High % of sequences lost in discarded negative strand alignments

NStrowbridge commented 1 year ago

To whom it may concern,

I recently sequenced amphibian skin for direct RNA analysis. I am currently working with two samples at moment, but am intending on doing more, depending on our preliminary results. I input my sorted and indexed BAM files into Nanocount using the following basic command.

NanoCount -i path/to/input -b path/to/output/bam --extra_tx_info -o /path/to/output/counts

Unfortunately, I am losing >60% of my sequences to discarded negative strand alignments. I am not quite sure what this means for my samples. I did do the optional RT step in the direct rna prep, if this is relevant.

Also, I am losing ~25% to unmapped alignments, which is possibly due to control RNA CS.

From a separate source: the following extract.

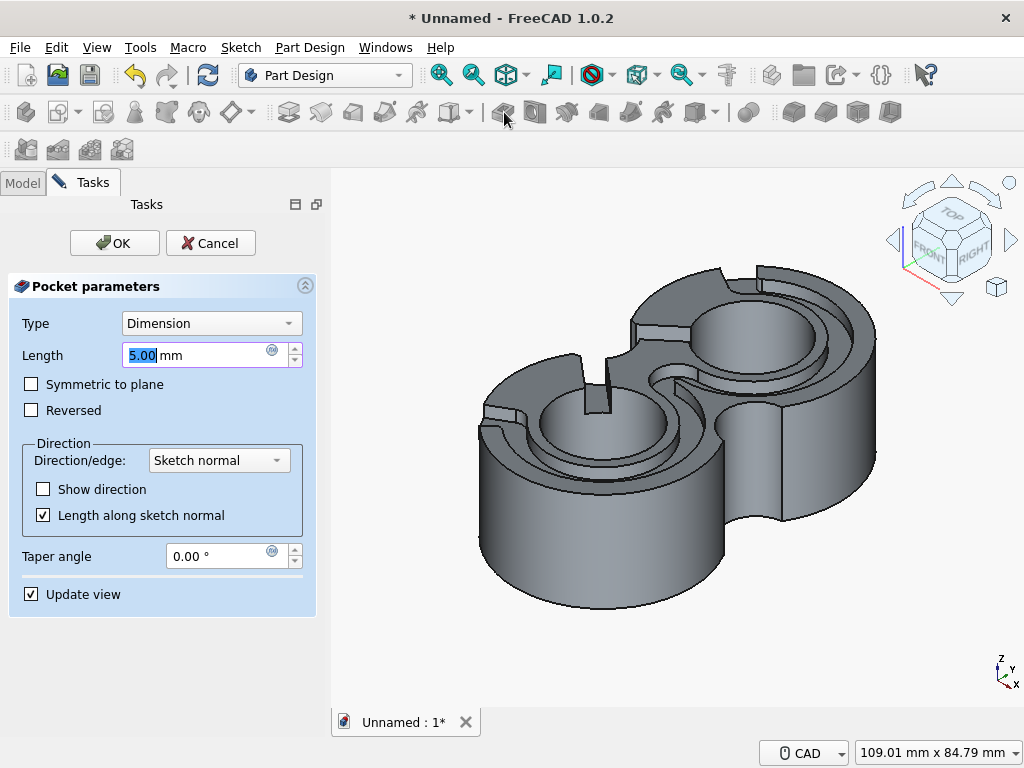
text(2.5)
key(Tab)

If you could give me some advice that would be great!

Cheers,

Nic

NStrowbridge commented 1 year ago

To whom it may concern,

I recently sequenced amphibian skin for direct RNA analysis. I am currently working with two samples at moment, but am intending on doing more, depending on our preliminary results. I input my sorted and indexed BAM files into Nanocount using the following basic command.

NanoCount -i path/to/input -b path/to/output/bam --extra_tx_info -o /path/to/output/counts

Unfortunately, I am losing >60% of my sequences to discarded negative strand alignments. I am not quite sure what this means for my samples. I did do the optional RT step in the direct rna prep, if this is relevant.

Also, I am losing ~25% to unmapped alignments, which is possibly due to control RNA CS.

If you could give me some advice that would be great!

Cheers,

Nic

Oh also, I should mention I aligned to transcriptome if this is relevant.

josiegleeson commented 1 year ago

Hi Nic,

I am wondering if perhaps the 60% of alignments being lost are poor secondary alignments possibly? Is it possible for you to work out the number of actual reads before and after NanoCount in the bam files?

Otherwise you can disable the negative strand filtering and test further what is going on by enabling the flag --keep_neg_strand.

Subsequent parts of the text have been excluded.